Specific to our research, studying performance of only the current constituents of the index introduces a bias as it only includes stocks that have survived through the testing period by displaying characteristics as defined by the index’s requirements. This will of course have an upward bias as the current constituents of the Index that do not include any dead/suspended stocks, the latter of which are in most case removed from the index due to poor performance, if not compliance.

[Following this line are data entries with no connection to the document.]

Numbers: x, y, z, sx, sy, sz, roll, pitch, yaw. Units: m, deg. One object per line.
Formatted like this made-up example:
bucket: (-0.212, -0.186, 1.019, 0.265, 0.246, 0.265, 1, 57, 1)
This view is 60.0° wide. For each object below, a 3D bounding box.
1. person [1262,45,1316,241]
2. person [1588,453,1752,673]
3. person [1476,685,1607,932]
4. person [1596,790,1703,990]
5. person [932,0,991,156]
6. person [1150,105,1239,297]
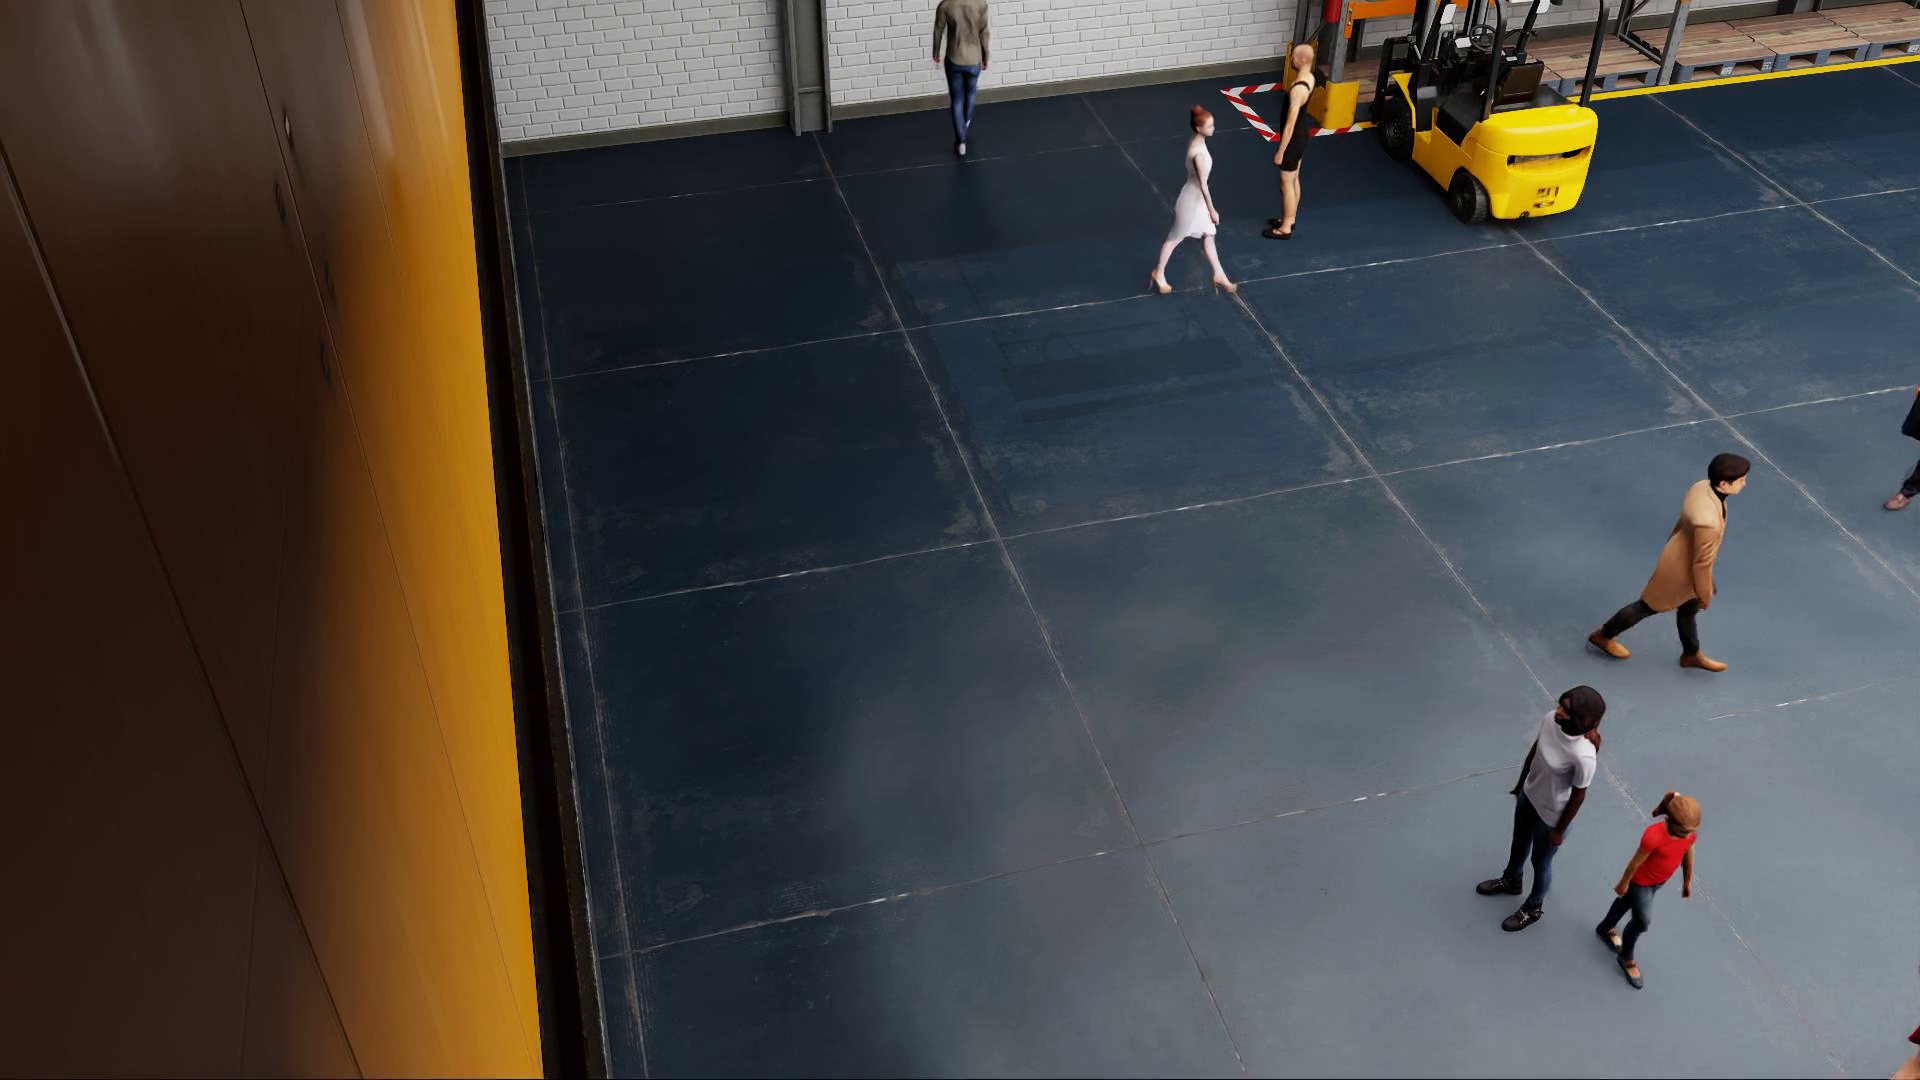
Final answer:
person: (3.053, -3.629, 15.159, 0.712, 1.815, 0.707, 12, 40, 14)
person: (4.489, 0.142, 10.536, 1.207, 1.691, 1.080, 14, 41, 17)
person: (3.146, 1.422, 8.911, 0.517, 1.719, 0.578, -8, 39, -10)
person: (3.625, 1.741, 8.859, 0.621, 1.286, 0.622, -17, 42, -20)
person: (0.028, -4.723, 16.518, 1.029, 1.829, 0.831, -5, 39, -6)
person: (1.879, -2.853, 14.232, 1.077, 1.761, 0.885, 9, 40, 12)

Many researchers like Brown and Goetzmann (1994), Grinblatt and Titman (1989) and Malkiel (1994) have documented the importance of Survivorship Bias while studying the performance of mutual funds. Brown and Goetzmann (1994) established two samples, one free from survivorship bias, where they record all the mutual funds that existed in any given year in the period of study i.e. 1976 – 1988, and other containing mutual funds, on the last year of study i.e. 1988. However, they address the problem of not tracking funds that disappear from Wiesenberger in cases where Wiesenberger does not record the reasons of disappearance, but estimate a bias, had the record been proper, to be between 20 and 80 basis points. They also conclude that poor performance generally resulted in the disappearance of these mutual funds. Malkiel (1994), like Brown and Goetzmann, tracks performance of funds to have ever existed during the time of study and concludes the bias to be 150 basis points annually.

  • Survived Companies

    We commence our research by understanding the trends in Indian Markets to see the total companies trading at a point of time \(T_n\) We do this to understand the survivorship bias and to reveal the most apparent reasons for Delisting of any company.

  • Delisting reasons for further forecast

    We find the information to further forecast the credit rating of a company and use machine learning algorithm to forecast companies that are susceptible to failing by region.

  • Consolidating missing data for Suspension, Delisting, Merger etc.

    Further, we consolidate our data for dates when the Stock got delisted, suspended or was off the exchange for any other reason, with the dates for which the data for the same stocks is unavailable.

  • Replicate for BSE

    Once we perform the above research for National Stock Exchange we conduct the same research for Bombay Stock Exchange.

    It is interesting to see the from the period 2003-2006, both NSE and BSE saw a sharp decline of listed companies albiet delisting of companies The reasons for delisting are already mentioned, however, in 2004, 913 companies were delisted out of which 876 were compulsory delistings use to non compliance of Securities and Exchange Board of India’s (SEBI) Guidelines.